I'm also doing with 2-layer LSTM with the Keras code below. L1 and L2 are the number of LSTM units in layer 1 and layer 2, respectively. The number of timesteps and the number of features in each timestep are T and 16, respectively. model = Sequential() model.add(LSTM(L1, return_sequences=True, input_shape=(T, 16))) model.add(LSTM(L2, return_sequences=True)) model.add(TimeDistributed(Dense(1, activation='sigmoid')))

Is the network below equivalent to the code since I am using TimeDistributed model_01

If we define the dimension of input/output is (n_sample, T, 16), the input of each LSTM of layer 1 is (, T, 16) and the input of each LSTM of layer 2 is (, T, L1). Finally, the input of output layer is (, T, L2).

Please let me know if the draw is correct or not. Thanks.

kasuteru commented 5 years ago

Hi, I'd like to confirm the draw from @carrasRuf .
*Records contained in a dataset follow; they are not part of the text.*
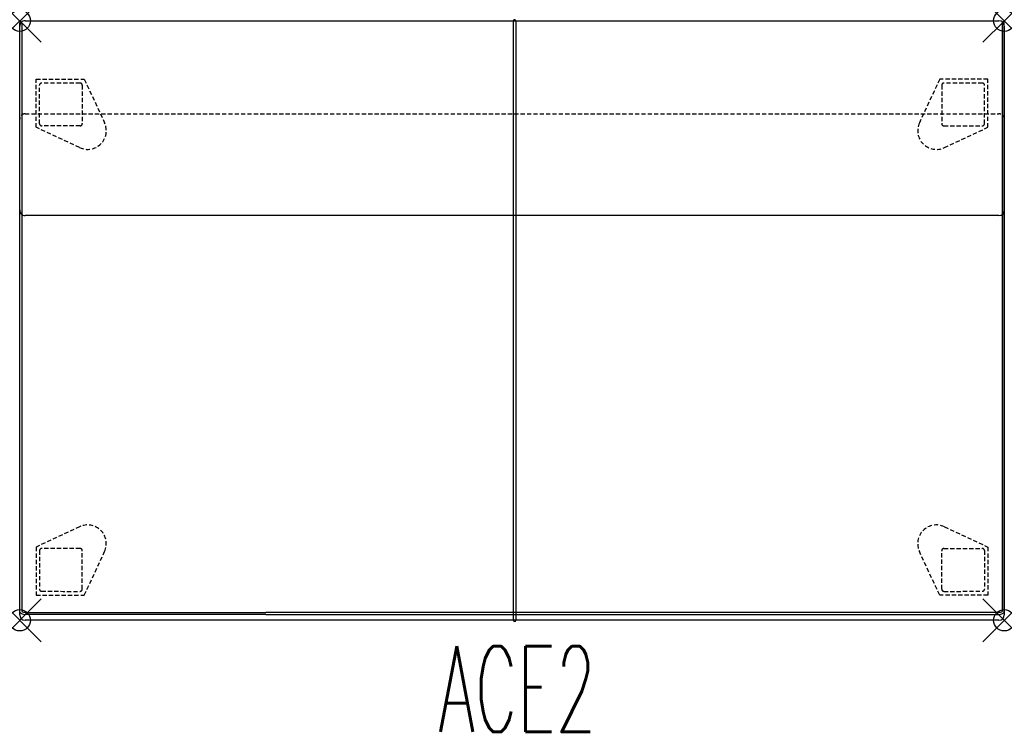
# Model space of a CAD drawing. Header units: inches. Extents: x 0 to 46, y -33.2 to 0.
import ezdxf
from ezdxf.enums import TextEntityAlignment as Align

# ---------------------------------------------------------------- set-up
doc = ezdxf.new("R2010")
doc.units = ezdxf.units.IN
doc.header["$LTSCALE"] = 0.03937
doc.header["$MEASUREMENT"] = 0
doc.header["$PDMODE"] = 35
doc.header["$PDSIZE"] = 1
doc.linetypes.add('DASHED', pattern=[0.75, 0.5, -0.25])
doc.layers.add('A-FURN-P-SEAT', color=2, linetype='Continuous')
doc.layers.add('A-FURN-P-SEAT-TN', color=2, linetype='Continuous')
doc.styles.add('0', font='TXT.shx')

msp = doc.modelspace()

# ---------------------------------------------------------------- linework, layer by layer
at = {"layer": 'A-FURN-P-SEAT'}
for p, q in [((0.25, 0), (45.75, 0)), ((23.075, -28.015), (23.075, 0.005)), ((23.175, 0), (23.175, -28.01)), ((0.001, -27.637), (0, -0.095)), ((0, -8.839), (0, -0.25)), ((0.1, -0.1), (0.1, -27.594)), ((45.9, -0.1), (45.9, -27.594)), ((45.999, -27.637), (46, -0.095)), ((46, -0.25), (46, -8.844)), ((0, -27.76), (0, -4.6)), ((46, -4.6), (46, -27.76)), ((45.75, -9.096), (0.25, -9.096)), ((0.25, -27.639), (11.5, -27.639)), ((11.5, -27.738), (0.25, -27.737)), ((45.75, -28.01), (0.25, -28.01)), ((45.75, -27.639), (11.5, -27.639)), ((11.5, -27.738), (45.75, -27.737))]:
    msp.add_line(p, q, dxfattribs=at)
at = {"layer": 'A-FURN-P-SEAT', "linetype": 'DASHED', "ltscale": 10}
for p, q in [((0.767, -4.975), (0.771, -2.726)), ((0.771, -2.726), (3.019, -2.73)), ((3.019, -2.73), (3.965, -4.768)), ((42.981, -2.73), (42.035, -4.768)), ((45.229, -2.726), (42.981, -2.73)), ((45.233, -4.975), (45.229, -2.726)), ((0.928, -4.812), (0.923, -3.014)), ((2.921, -3.008), (2.926, -4.807)), ((43.079, -3.008), (43.074, -4.807)), ((45.072, -4.812), (45.077, -3.014)), ((0.25, -4.35), (45.75, -4.35)), ((2.801, -5.928), (0.767, -4.975)), ((2.827, -4.907), (1.028, -4.912)), ((43.173, -4.907), (44.972, -4.912)), ((43.199, -5.928), (45.233, -4.975)), ((2.801, -23.638), (0.767, -24.591)), ((43.199, -23.638), (45.233, -24.591)), ((0.767, -24.591), (0.771, -26.839)), ((0.928, -24.754), (0.923, -26.552)), ((2.827, -24.659), (1.028, -24.654)), ((2.921, -26.558), (2.926, -24.758)), ((3.019, -26.835), (3.965, -24.798)), ((42.981, -26.835), (42.035, -24.798)), ((43.079, -26.558), (43.074, -24.758)), ((43.173, -24.659), (44.972, -24.654)), ((45.072, -24.754), (45.077, -26.552)), ((45.233, -24.591), (45.229, -26.839)), ((0.771, -26.839), (3.019, -26.835)), ((45.229, -26.839), (42.981, -26.835))]:
    msp.add_line(p, q, dxfattribs=at)
at = {"layer": 'A-FURN-P-SEAT'}
for centre, radius, start, end in [((0.25, -0.25), 0.25, 89.9995, 180.0005), ((23.125, 0), 0.05, 0.0214, 174.8382), ((0.05, -0.1), 0.05, 359.6553, 174.8505), ((45.75, -0.25), 0.25, 0, 90), ((45.95, -0.1), 0.05, 5.1495, 180.3447), ((0.25, -8.846), 0.25, 178.3379, 270), ((45.748, -8.844), 0.252, 270.4844, 0), ((0.236, -27.412), 0.227, 233.2352, 273.5761), ((45.764, -27.412), 0.227, 266.4239, 306.7648), ((0.25, -27.76), 0.25, 180.0067, 270), ((0.25, -27.374), 0.362, 226.4704, 269.9954), ((23.125, -28.01), 0.05, 185.1902, 0), ((45.75, -27.374), 0.362, 270.0046, 313.5296), ((45.75, -27.76), 0.25, 270, 0)]:
    msp.add_arc(centre, radius, start, end, dxfattribs=at)
at = {"layer": 'A-FURN-P-SEAT', "linetype": 'DASHED', "ltscale": 10}
for centre, radius, start, end in [((1.023, -3.014), 0.1, 90.441, 179.9032), ((2.43, -185.782), 182.874, 89.8776, 90.44103), ((2.821, -3.008), 0.1, 0.2752, 90.3532), ((43.179, -3.008), 0.1, 89.6468, 179.7248), ((43.57, -185.782), 182.874, 89.55897, 90.1224), ((44.977, -3.014), 0.1, 0.0968, 89.559), ((0.25, -4.6), 0.25, 90.0054, 180.0003), ((45.75, -4.6), 0.25, 0.0054, 90), ((1.028, -4.812), 0.1, 180.0246, 269.9746), ((3.172, -5.136), 0.874, 244.9055, 24.9021), ((2.827, -4.808), 0.0993, 270.1291, 0.1592), ((42.828, -5.136), 0.874, 155.0979, 295.0945), ((43.173, -4.808), 0.0993, 179.8408, 269.8709), ((44.972, -4.812), 0.1, 270.0254, 359.9754), ((3.172, -24.43), 0.874, 335.0979, 115.0945), ((42.828, -24.43), 0.874, 64.9055, 204.9021), ((1.028, -24.754), 0.1, 90.0254, 179.9754), ((2.827, -24.758), 0.0993, 359.8408, 89.8709), ((43.173, -24.758), 0.0993, 90.1291, 180.1592), ((44.972, -24.754), 0.1, 0.0246, 89.9746), ((1.023, -26.552), 0.1, 180.0968, 269.559), ((2.43, 156.216), 182.874, 269.55897, 270.1224), ((2.821, -26.557), 0.1, 269.6468, 359.7248), ((43.179, -26.557), 0.1, 180.2752, 270.3532), ((43.57, 156.216), 182.874, 269.8776, 270.44103), ((44.977, -26.552), 0.1, 270.441, 359.9032)]:
    msp.add_arc(centre, radius, start, end, dxfattribs=at)
at = {"layer": 'A-FURN-P-SEAT'}
for p in [(0, 0), (46, 0), (0, -28.01), (46, -28.01)]:
    msp.add_point(p, dxfattribs=at)

# ---------------------------------------------------------------- texts
at = {"layer": 'A-FURN-P-SEAT-TN', "style": '0', "width": 0.55}
msp.add_text('ACE2', height=4, dxfattribs=at).set_placement((23.25, -34.423), align=Align.BOTTOM_CENTER)

doc.saveas('drawing.dxf')

I'm also doing with 2-layer LSTM with the Keras code below. L1 and L2 are the number of LSTM units in layer 1 and layer 2, respectively. The number of timesteps and the number of features in each timestep are T and 16, respectively. model = Sequential() model.add(LSTM(L1, return_sequences=True, input_shape=(T, 16))) model.add(LSTM(L2, return_sequences=True)) model.add(TimeDistributed(Dense(1, activation='sigmoid')))

Is the network below equivalent to the code since I am using TimeDistributed model_01

If we define the dimension of input/output is (n_sample, T, 16), the input of each LSTM of layer 1 is (, T, 16) and the input of each LSTM of layer 2 is (, T, L1). Finally, the input of output layer is (, T, L2).

Please let me know if the draw is correct or not. Thanks.

Were you able to evaluate whether your schema is correct?